Open the SAS file as a context manager and call .to_data_frame() to convert it. The Stata case is a one-liner with pd.read_stata. Both return ordinary DataFrames once loaded.

HDF5 and MATLAB: Scientific Formats

HDF5 is the standard for very large scientific datasets, and its defining feature is hierarchy: an HDF5 file is like a filesystem inside a single file, with groups acting as folders and datasets as files, nested arbitrarily.

import h5py
import numpy as np
observatory = h5py.File("detector_run.hdf5", "r")
for key in observatory.keys():
print(key) # top-level groups
signal = np.array(observatory["strain"]["Strain"])

You open the file with h5py.File, explore its structure by iterating .keys() and indexing into groups like nested dictionaries, and materialize a dataset into memory with np.array only when you reach one. The payoff is lazy reads: a file can be hundreds of gigabytes and you load only the slice you actually need.

MATLAB’s .mat files store named variables, essentially a saved workspace, and scipy.io.loadmat returns them as a dictionary.

import scipy.io
workspace = scipy.io.loadmat("experiment.mat")
print(workspace.keys()) # variable names
readings = workspace["CYratioCyt"]
window = readings[25, 5:] # standard NumPy slicing

Each key is a MATLAB variable name and each value is usually a NumPy array, so once loaded it is just dictionary access plus normal array operations.

SQL Databases

SQLAlchemy is the standard way Python talks to databases. You create an engine from a connection string that names the dialect, location, and credentials, and the same code works across database types by changing only that string.

from sqlalchemy import create_engine
import pandas as pd
engine = create_engine("sqlite:///media_store.sqlite")

The sqlite:///path form points at a local SQLite file, the easiest setup for learning. To list tables, newer SQLAlchemy uses inspect(engine).get_table_names(), while older versions had engine.table_names().

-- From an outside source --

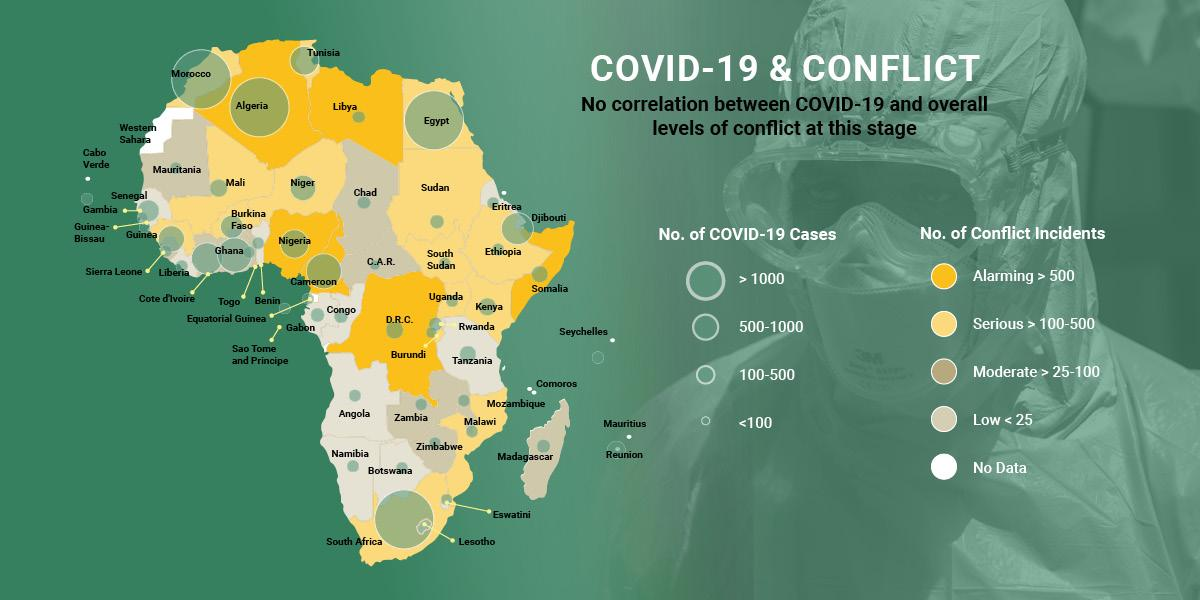Highlight a few significant elements in this photo. The number of COVID-19 cases in Tunisia is between 500 and 1,000. There are currently 4 countries with confirmed cases of Covid-19 greater than 1000. There are currently between 100 and 500 confirmed cases of COVID-19 in the Democratic Republic of the Congo. There are approximately 500 to 1000 confirmed cases of COVID-19 in Niger. The number of COVID-19 cases in Mali is estimated to be between 100 and 500.

There are three ways to run a query, in ascending order of convenience. The manual route opens a connection, executes the SQL, fetches rows, wraps them in a DataFrame, copies the column names across, and closes the connection, which is fragile because forgetting the close leaks the connection.

con = engine.connect()
result = con.execute("SELECT * FROM Album")
albums = pd.DataFrame(result.fetchall())
albums.columns = result.keys()
con.close()

Wrapping it in a context manager fixes the leak by closing automatically, the same pattern as with open(...) for files.

with engine.connect() as con:
result = con.execute("SELECT LastName, Title FROM Employee")
staff = pd.DataFrame(result.fetchmany(size=3))
staff.columns = result.keys()

But the cleanest option by far is to let pandas do everything in one call, handling the connection, fetch, and column naming for you.

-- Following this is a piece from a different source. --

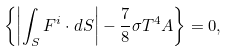Convert formula to latex. <formula><loc_0><loc_0><loc_500><loc_500>\left \{ \left | \int _ { S } { F } ^ { i } \cdot d { S } \right | - \frac { 7 } { 8 } \sigma T ^ { 4 } A \right \} = 0 ,</formula> 
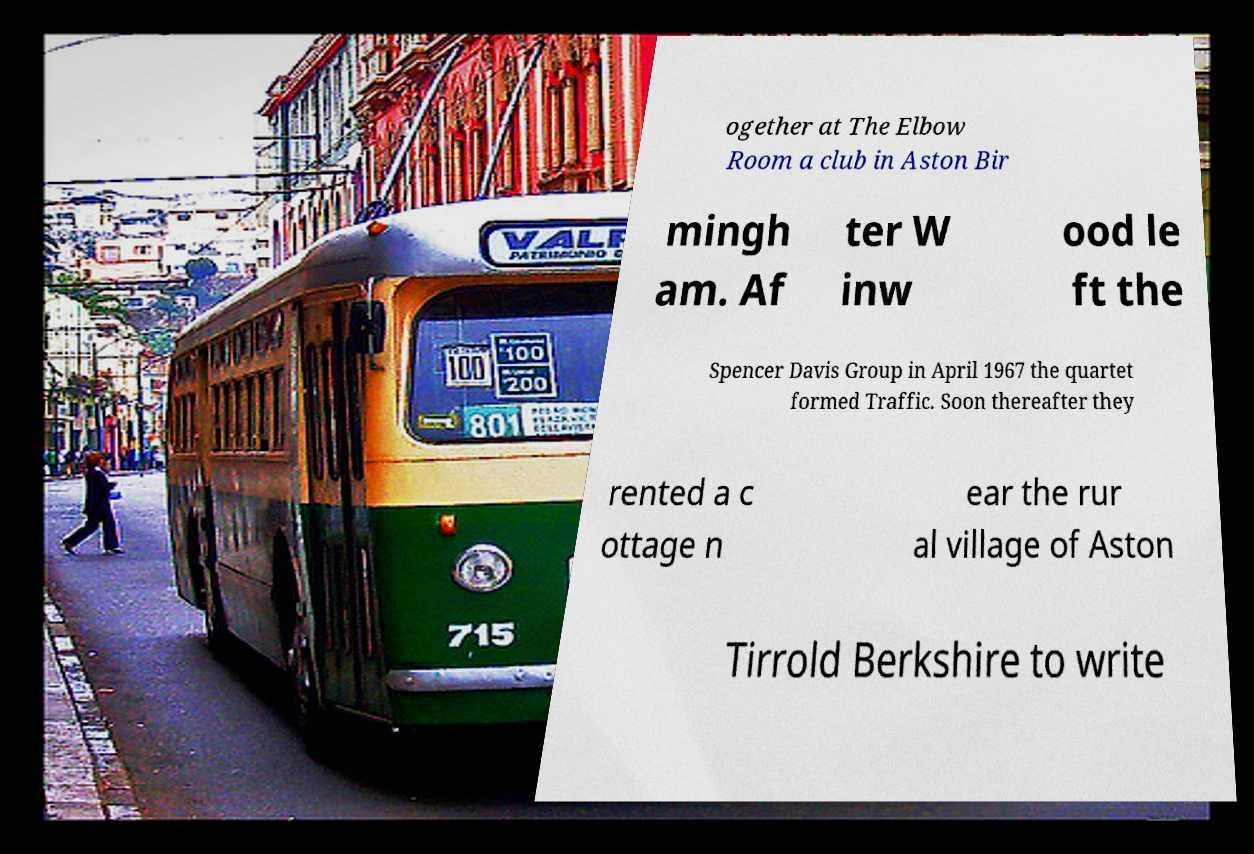Please read and relay the text visible in this image. What does it say? ogether at The Elbow Room a club in Aston Bir mingh am. Af ter W inw ood le ft the Spencer Davis Group in April 1967 the quartet formed Traffic. Soon thereafter they rented a c ottage n ear the rur al village of Aston Tirrold Berkshire to write

albums = pd.read_sql_query("SELECT * FROM Album", engine)

Use this for almost every ad-hoc query, dropping to manual connections only when you need transaction control or several queries on a shared connection.

The SQL itself follows a predictable shape: choose columns with SELECT, name the table with FROM, filter rows with WHERE, sort with ORDER BY, and combine tables with INNER JOIN on a matching key.

SELECT Title, Name
FROM Album
INNER JOIN Artist ON Album.ArtistId = Artist.ArtistId
WHERE Album.ArtistId >= 6
ORDER BY Title

Those four clauses plus joins cover the vast majority of analytical queries.

Pulling Files Straight From the Web

Pandas accepts a URL anywhere it accepts a file path, which gives you two ways to load a remote file. If you want a permanent local copy, download it first.

from urllib.request import urlretrieve
import pandas as pd
source = "https://example.com/wine_quality_red.csv"
urlretrieve(source, "wine_quality_red.csv")
wine = pd.read_csv("wine_quality_red.csv", sep=";")

urlretrieve saves the file to your working directory, after which you read it like any local file. Use this when you want an offline artifact that survives the URL changing. If you just need the data now, skip the download and hand the URL straight to the reader.

wine = pd.read_csv("https://example.com/wine_quality_red.csv", sep=";")

This is best for one-off analysis. The trade-off is dependence on the network and the source staying available, and that a later rerun might fetch different data. Excel works the same way, with one trick: passing sheet_name=None returns a dictionary mapping each sheet name to its DataFrame.

sheets = pd.read_excel("https://example.com/latitudes.xls", sheet_name=None)
print(sheets.keys())
print(sheets["1700"].head())

HTTP Requests: urllib and requests

Python’s built-in urllib makes HTTP requests in three verbose steps: build a request, send it, read the response, and close it manually.

from urllib.request import urlopen, Request
page = "https://example.com/dataset/notes"
request = Request(page)
response = urlopen(request)
html = response.read()
response.close()

It works and needs no install, but in practice almost everyone uses the third-party requests library, which collapses all of that into a single call and closes the connection for you.

import requests
r = requests.get("https://example.com/dataset/notes")
text = r.text # body as a decoded string

The response object exposes clean attributes: .text for the body, .json() for parsed JSON, and .status_code for the HTTP status. Use requests unless you have a specific reason not to.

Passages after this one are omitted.